There are multiple aspects to methylotrophy that make it a wonderful model system. On the practical side, methylotrophs play a key role in the global cycling of C1 compounds (such as methane) and offer intriguiging biotechnological opportunities for the production of commodity chemicals from methanol. As mentioned above their physiology revolving around the internal production and consumption of a toxic intermediate, formaldehyde, is fascinating and involves the action of multiple unique metabolic modules that are not commonly present in other organisms.
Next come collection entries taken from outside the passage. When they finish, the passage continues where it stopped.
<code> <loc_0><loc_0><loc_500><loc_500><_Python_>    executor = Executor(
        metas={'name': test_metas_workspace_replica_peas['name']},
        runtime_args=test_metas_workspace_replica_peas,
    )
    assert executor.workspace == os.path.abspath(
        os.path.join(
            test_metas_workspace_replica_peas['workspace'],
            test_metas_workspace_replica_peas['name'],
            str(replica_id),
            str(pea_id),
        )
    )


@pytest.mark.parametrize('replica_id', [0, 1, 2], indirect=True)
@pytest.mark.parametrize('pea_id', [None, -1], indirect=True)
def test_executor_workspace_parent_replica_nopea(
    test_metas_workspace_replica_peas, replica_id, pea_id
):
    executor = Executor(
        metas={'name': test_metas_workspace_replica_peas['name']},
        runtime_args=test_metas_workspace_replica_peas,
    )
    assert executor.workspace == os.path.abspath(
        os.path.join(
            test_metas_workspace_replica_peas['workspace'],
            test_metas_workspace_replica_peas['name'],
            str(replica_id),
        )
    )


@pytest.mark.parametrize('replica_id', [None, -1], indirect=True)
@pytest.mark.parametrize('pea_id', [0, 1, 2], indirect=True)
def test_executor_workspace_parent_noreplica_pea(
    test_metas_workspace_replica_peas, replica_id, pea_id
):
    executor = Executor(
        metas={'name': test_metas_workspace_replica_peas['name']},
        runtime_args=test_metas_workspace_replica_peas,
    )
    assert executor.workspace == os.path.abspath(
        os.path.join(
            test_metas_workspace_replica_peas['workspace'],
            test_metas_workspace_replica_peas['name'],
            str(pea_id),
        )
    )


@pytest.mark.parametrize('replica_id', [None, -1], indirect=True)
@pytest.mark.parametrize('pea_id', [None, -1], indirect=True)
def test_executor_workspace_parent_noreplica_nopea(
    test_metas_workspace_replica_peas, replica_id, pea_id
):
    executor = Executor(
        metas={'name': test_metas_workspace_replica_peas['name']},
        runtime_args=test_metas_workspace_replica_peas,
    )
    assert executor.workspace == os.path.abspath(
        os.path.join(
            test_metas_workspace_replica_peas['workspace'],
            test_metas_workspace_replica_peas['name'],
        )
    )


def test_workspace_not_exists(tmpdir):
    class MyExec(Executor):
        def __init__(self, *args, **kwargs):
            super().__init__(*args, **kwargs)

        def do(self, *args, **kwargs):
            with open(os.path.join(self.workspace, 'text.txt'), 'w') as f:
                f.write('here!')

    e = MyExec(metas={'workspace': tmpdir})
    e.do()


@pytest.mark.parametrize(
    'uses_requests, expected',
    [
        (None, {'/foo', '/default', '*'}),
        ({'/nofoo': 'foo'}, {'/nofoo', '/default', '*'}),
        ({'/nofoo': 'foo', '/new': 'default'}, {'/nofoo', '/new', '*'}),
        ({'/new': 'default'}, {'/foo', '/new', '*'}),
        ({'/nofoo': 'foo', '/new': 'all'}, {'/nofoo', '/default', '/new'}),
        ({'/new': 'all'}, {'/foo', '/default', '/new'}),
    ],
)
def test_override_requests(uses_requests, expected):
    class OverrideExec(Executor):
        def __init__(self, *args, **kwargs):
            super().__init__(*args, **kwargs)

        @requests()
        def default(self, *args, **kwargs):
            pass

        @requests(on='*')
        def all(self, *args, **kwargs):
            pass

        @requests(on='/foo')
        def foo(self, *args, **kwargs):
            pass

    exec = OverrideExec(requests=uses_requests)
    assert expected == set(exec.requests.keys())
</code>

It is the apparent evolutionary history of methylotrophy, however, that is perhaps the most compelling reason to pursue these organisms for our studies. First, methylotrophy clearly does not have a monophyletic origin. Examination of a phylogenetic tree of bacteria shows that methylotrophs are found in multiple clades of bacteria with non-methylotrophic sister taxa. However, the genes required for methylotrophic growth are highly conserved amongst methylotrophs, are found in large gene clusters, and have phylogenies that are often incongruent with that of the “organismal” 16S rDNA tree. These observations are consistent with methylotrophic lineages having arose multiple times, apparently as a consequence of horizontal gene transfer (HGT, genetic exchange between microbes -sometimes from different clades entirely) of methylotrophy gene clusters.
Methylobacterium extorquens AM1
M. extorquens AM1 is the best-understood methylotroph. It is an alpha-proteobacterium closely related to rhizobia and is a facultative methylotroph (can grow on C1 and multicarbon substrates). The figure to the right of a clover leafprint applied to a methanol-containing plate illustrates its niche as a leaf epiphyte (and yes, leaves really do make methanol – lots of it).
Approximately 100 methylotrophy genes have been identified thus far in Methylobacterium and the genome sequence (~8 MB) is nearly completed. Furthermore, a stoichiometric model of central metabolism has beeng generated and tested, expression microarrays and proteomic methods have been developed, and a series of genetic tools have been developed. These advances have made Methylobacterium a powerful model organsim.